Assignment
The reply should match the listing below character for character, except that no image is carried over.

Dataset
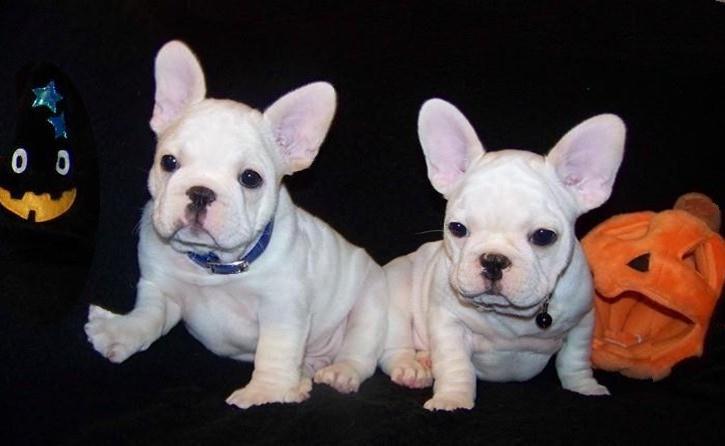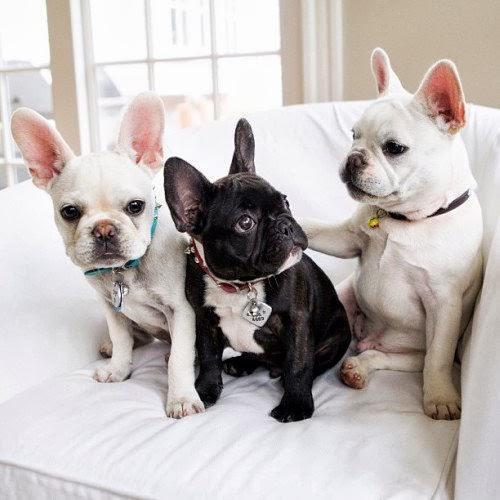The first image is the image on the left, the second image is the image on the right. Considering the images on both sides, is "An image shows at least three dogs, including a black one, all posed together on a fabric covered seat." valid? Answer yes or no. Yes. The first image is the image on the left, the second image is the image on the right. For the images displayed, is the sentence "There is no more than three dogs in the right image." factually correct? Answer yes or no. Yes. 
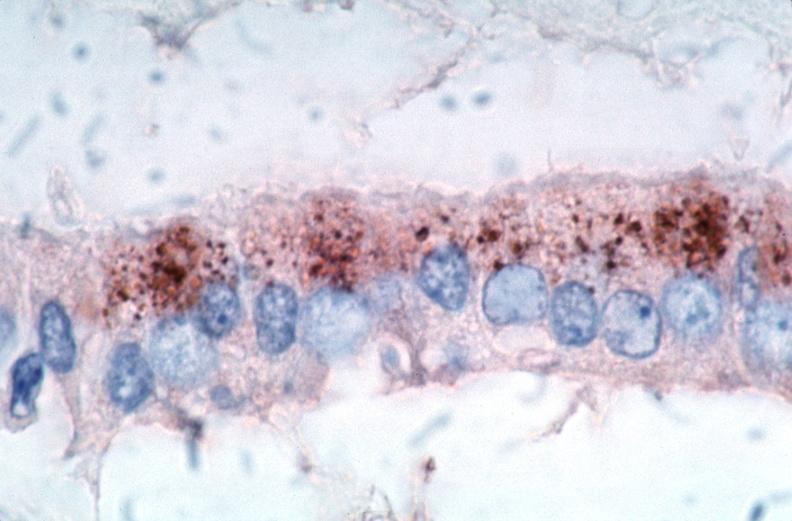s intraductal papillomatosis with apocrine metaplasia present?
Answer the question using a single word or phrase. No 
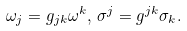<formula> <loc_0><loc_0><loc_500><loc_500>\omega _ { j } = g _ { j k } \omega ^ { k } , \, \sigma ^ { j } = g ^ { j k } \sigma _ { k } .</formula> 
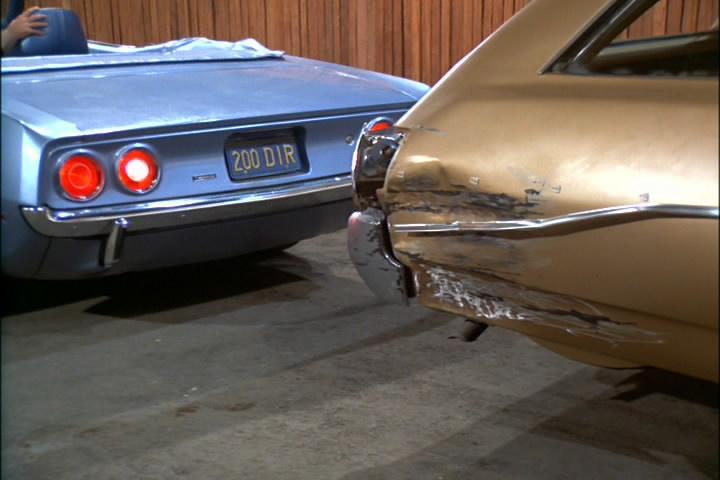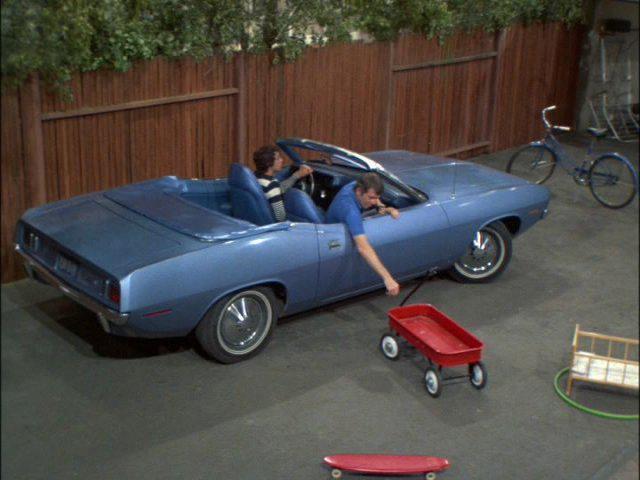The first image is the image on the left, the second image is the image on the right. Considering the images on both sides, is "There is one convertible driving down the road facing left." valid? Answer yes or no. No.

Task result
The first image is the image on the left, the second image is the image on the right. Considering the images on both sides, is "An image shows at least three dogs, including a black one, all posed together on a fabric covered seat." valid? Answer yes or no. Yes. The first image is the image on the left, the second image is the image on the right. For the images displayed, is the sentence "There is no more than three dogs in the right image." factually correct? Answer yes or no. Yes. 
s intraductal papillomatosis with apocrine metaplasia present?
Answer the question using a single word or phrase. No 
<formula> <loc_0><loc_0><loc_500><loc_500>\omega _ { j } = g _ { j k } \omega ^ { k } , \, \sigma ^ { j } = g ^ { j k } \sigma _ { k } .</formula> 
The first image is the image on the left, the second image is the image on the right. Considering the images on both sides, is "There is one convertible driving down the road facing left." valid? Answer yes or no. No.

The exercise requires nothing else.